*Task statement:* Count every line of these entries that holds the word "linetype", and reply with the number only.

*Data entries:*
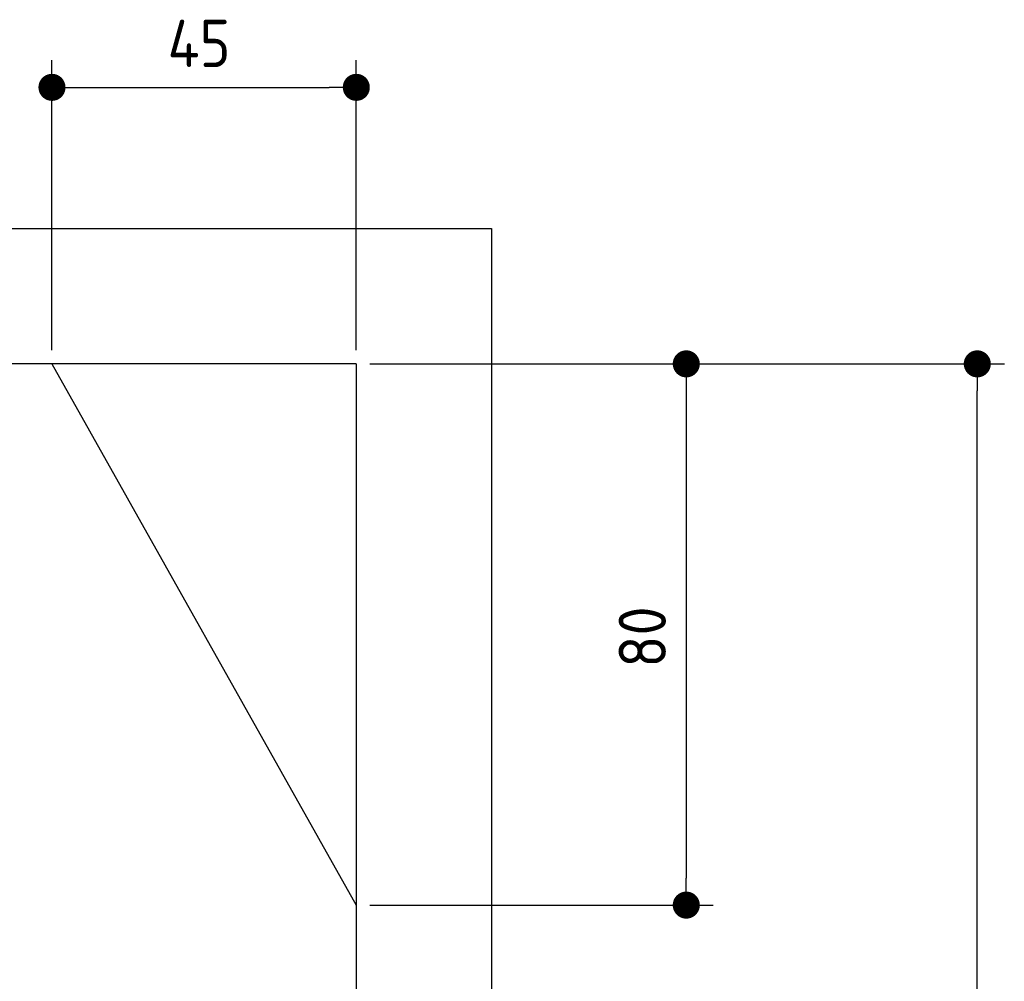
# Model space of a CAD drawing. Extents: x 562 to 7231, y 5767 to 12226.
# Tile 83 of 83: x 5775 to 7231, y 10803 to 12225. Entities that reach past the tile are written whole.
import ezdxf

# ---------------------------------------------------------------- set-up
doc = ezdxf.new("R2010")
doc.units = 0
doc.layers.get('0').update_dxf_attribs({"linetype": 'CONTINUOUS'})
doc.layers.get('DEFPOINTS').update_dxf_attribs({"linetype": 'CONTINUOUS'})
doc.layers.add('4', color=3, linetype='CONTINUOUS')
doc.layers.add('AM_0', color=7, linetype='CONTINUOUS')
doc.styles.get("Standard").update_dxf_attribs({"font": 'ISOCP.SHX'})
doc.dimstyles.get("Standard").update_dxf_attribs({"dimtxt": 50, "dimasz": 100, "dimexe": 0.18, "dimexo": 0.0625, "dimgap": 15, "dimtad": 1, "dimlfac": 0.1, "dimzin": 0, "dimcen": 0.09, "dimazin": 3, "dimtfac": 1, "dimtofl": 0, "dimtmove": 0, "dimatfit": 3})

# ---------------------------------------------------------------- blocks, each defined once
blk = doc.blocks.new('PUNKT')
at = {"layer": '4', "color": 0, "linetype": 'BYBLOCK'}
blk.add_line((-0.5, 0), (-1, 0), dxfattribs=at)
at = {"layer": '4', "color": 0, "linetype": 'BYBLOCK', "const_width": 0.5}
blk.add_lwpolyline([(-0.25, 0, 1), (0.25, 0, 1)], format="xyb", close=True, dxfattribs=at)
blk = doc.blocks.new('*U26')
at = {"layer": '4', "color": 2}
blk.add_text('360', height=70, rotation=90, dxfattribs=at).set_placement((7161, 9842.4))
blk = doc.blocks.new('*D5')
at = {"layer": '4'}
for p, q in [((6292.8, 11715.9), (7231, 11715.9)), ((7191, 8155.9), (7191, 11675.9)), ((6792.8, 8115.9), (7231, 8115.9))]:
    blk.add_line(p, q, dxfattribs=at)
at = {"layer": 'DEFPOINTS', "color": 0}
for p in [(6272.8, 11715.9), (7191, 11715.9), (6772.8, 8115.9)]:
    blk.add_point(p, dxfattribs=at)
blk.add_blockref('*U26', (0, 0))
at = {"layer": '4', "xscale": 40, "yscale": 40, "zscale": 40}
for p, rotation in [((7191, 11715.9), 90), ((7191, 8115.9), 270)]:
    blk.add_blockref('PUNKT', p, dxfattribs=dict(at, rotation=rotation))
blk = doc.blocks.new('*U25')
at = {"layer": '4', "color": 2}
blk.add_text('45', height=70, dxfattribs=at).set_placement((5993.8, 12154.6))
blk = doc.blocks.new('*D10')
at = {"layer": '4'}
for p, q in [((5822.8, 11735.9), (5822.8, 12164.6)), ((6272.8, 11735.9), (6272.8, 12164.6)), ((5862.8, 12124.6), (6232.8, 12124.6))]:
    blk.add_line(p, q, dxfattribs=at)
at = {"layer": 'DEFPOINTS', "color": 0}
for p in [(6272.8, 12124.6), (5822.8, 11715.9), (6272.8, 11715.9)]:
    blk.add_point(p, dxfattribs=at)
blk.add_blockref('*U25', (0, 0))
at = {"layer": '4', "xscale": 40, "yscale": 40, "zscale": 40, "rotation": 180}
blk.add_blockref('PUNKT', (5822.8, 12124.6), dxfattribs=at)
at = {"layer": '4', "xscale": 40, "yscale": 40, "zscale": 40}
blk.add_blockref('PUNKT', (6272.8, 12124.6), dxfattribs=at)
blk = doc.blocks.new('*U27')
at = {"layer": '4', "color": 2}
blk.add_text('80', height=70, rotation=90, dxfattribs=at).set_placement((6730.7, 11266.9))
blk = doc.blocks.new('*D11')
at = {"layer": '4'}
for p, q in [((6292.8, 11715.9), (6800.7, 11715.9)), ((6760.7, 11675.9), (6760.7, 10955.9)), ((6292.8, 10915.9), (6800.7, 10915.9))]:
    blk.add_line(p, q, dxfattribs=at)
at = {"layer": 'DEFPOINTS', "color": 0}
for p in [(6272.8, 11715.9), (6272.8, 10915.9), (6760.7, 10915.9)]:
    blk.add_point(p, dxfattribs=at)
blk.add_blockref('*U27', (0, 0))
at = {"layer": '4', "xscale": 40, "yscale": 40, "zscale": 40}
for p, rotation in [((6760.7, 11715.9), 90), ((6760.7, 10915.9), 270)]:
    blk.add_blockref('PUNKT', p, dxfattribs=dict(at, rotation=rotation))

msp = doc.modelspace()

# ---------------------------------------------------------------- linework, layer by layer
for p, q in [((872.775, 11915.902), (6472.775, 11915.902)), ((6472.775, 11915.902), (6472.775, 8115.902)), ((6272.775, 11715.902), (1072.775, 11715.902)), ((6272.775, 11715.902), (6272.775, 8115.902))]:
    msp.add_line(p, q)
at = {"layer": 'AM_0'}
msp.add_line((5822.775, 11715.902), (6272.775, 10915.902), dxfattribs=at)

# ---------------------------------------------------------------- dimensions: what is measured, and where the dimension line sits
at = {"layer": '4'}
dim = msp.add_linear_dim(base=(6272.775, 12124.585), p1=(5822.775, 11715.902), p2=(6272.775, 11715.902), dimstyle='Standard', dxfattribs=at)
dim.commit()
dim.dimension.update_dxf_attribs({"geometry": '*D10', "text_midpoint": (6047.775, 12189.585)})
for base, p1, p2, picture, middle in [((7190.953, 11715.902), (6772.775, 8115.902), (6272.775, 11715.902), '*D5', (7125.953, 9915.902)), ((6760.722, 10915.902), (6272.775, 11715.902), (6272.775, 10915.902), '*D11', (6695.722, 11315.902))]:
    dim = msp.add_linear_dim(base=base, p1=p1, p2=p2, angle=90, dimstyle='Standard', dxfattribs=at)
    dim.commit()
    dim.dimension.update_dxf_attribs({"geometry": picture, "text_midpoint": middle})

doc.saveas('drawing.dxf')

*Solution to the problem:* 6